To the right is the graph of 5x^3y-3xy^2+y^3=6. Verify that (1,2) is a point on the curve. There's a nearby point on the curve whose point is (1.07,u). What is the approx. value for u? There's a nearby point on the curve whose coordinates are (.98,v). What is the approx. value for v? there's a nearby point on the curve whose point is (w,2.04). What is an approximate value for w?

Homework Equations

f'(a)(x-a)+f(a)
the derivative of the equation is (15x^2-3y^2)/(-5x^3+3x^2y-3y^2)

I know how to do the first part, you plug in the values for x and y and they should = 6, which they do. However, for the remainder of the problem i am completely lost. I'm totally
lost, so if you can offer any input i would appreciate it.
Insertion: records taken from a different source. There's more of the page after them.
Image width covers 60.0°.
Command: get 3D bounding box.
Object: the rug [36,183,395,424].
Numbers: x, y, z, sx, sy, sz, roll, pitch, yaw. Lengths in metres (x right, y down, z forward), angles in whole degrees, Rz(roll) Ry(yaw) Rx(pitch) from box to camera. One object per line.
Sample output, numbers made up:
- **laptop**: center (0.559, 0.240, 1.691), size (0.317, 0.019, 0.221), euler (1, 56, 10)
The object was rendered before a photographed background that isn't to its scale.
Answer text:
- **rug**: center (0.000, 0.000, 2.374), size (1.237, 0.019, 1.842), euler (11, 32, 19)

Thanks

 

[HallsofIvy]

Homework Statement

To the right is the graph of 5x^3y-3xy^2+y^3=6. Verify that (1,2) is a point on the curve. There's a nearby point on the curve whose point is (1.07,u). What is the approx. value for u? There's a nearby point on the curve whose coordinates are (.98,v). What is the approx. value for v? there's a nearby point on the curve whose point is (w,2.04). What is an approximate value for w?

Homework Equations

f'(a)(x-a)+f(a)
the derivative of the equation is (15x^2-3y^2)/(-5x^3+3x^2y-3y^2)
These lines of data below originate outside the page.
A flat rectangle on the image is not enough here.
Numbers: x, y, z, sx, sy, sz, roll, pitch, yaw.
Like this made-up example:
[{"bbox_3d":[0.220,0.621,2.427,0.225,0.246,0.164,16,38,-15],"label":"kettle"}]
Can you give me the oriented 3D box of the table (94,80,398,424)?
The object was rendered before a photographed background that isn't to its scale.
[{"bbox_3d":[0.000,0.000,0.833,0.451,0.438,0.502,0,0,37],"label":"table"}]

I know how to do the first part, you plug in the values for x and y and they should = 6, which they do. However, for the remainder of the problem i am completely lost. I'm totally
lost, so if you can offer any input i would appreciate it. Thanks

The tangent line to a curve, y= f(x), through point $(x_0, f(x_0))$ on the line is $y= f'(x_0)(x- x_0)+ f(x_0)$ and will give (approximately) the y value for an x value close to $x_0$. You are told that $x_0$= 1 and that $f(x_0)$= 2. What is $f'(x_0)$? That gives you all the information you need to construct the equation of the tangent line. Then use it with the two new points given to find the missing values.

 

[anthonym44]

Thanks. That helped me, I'm pretty sure I have it now.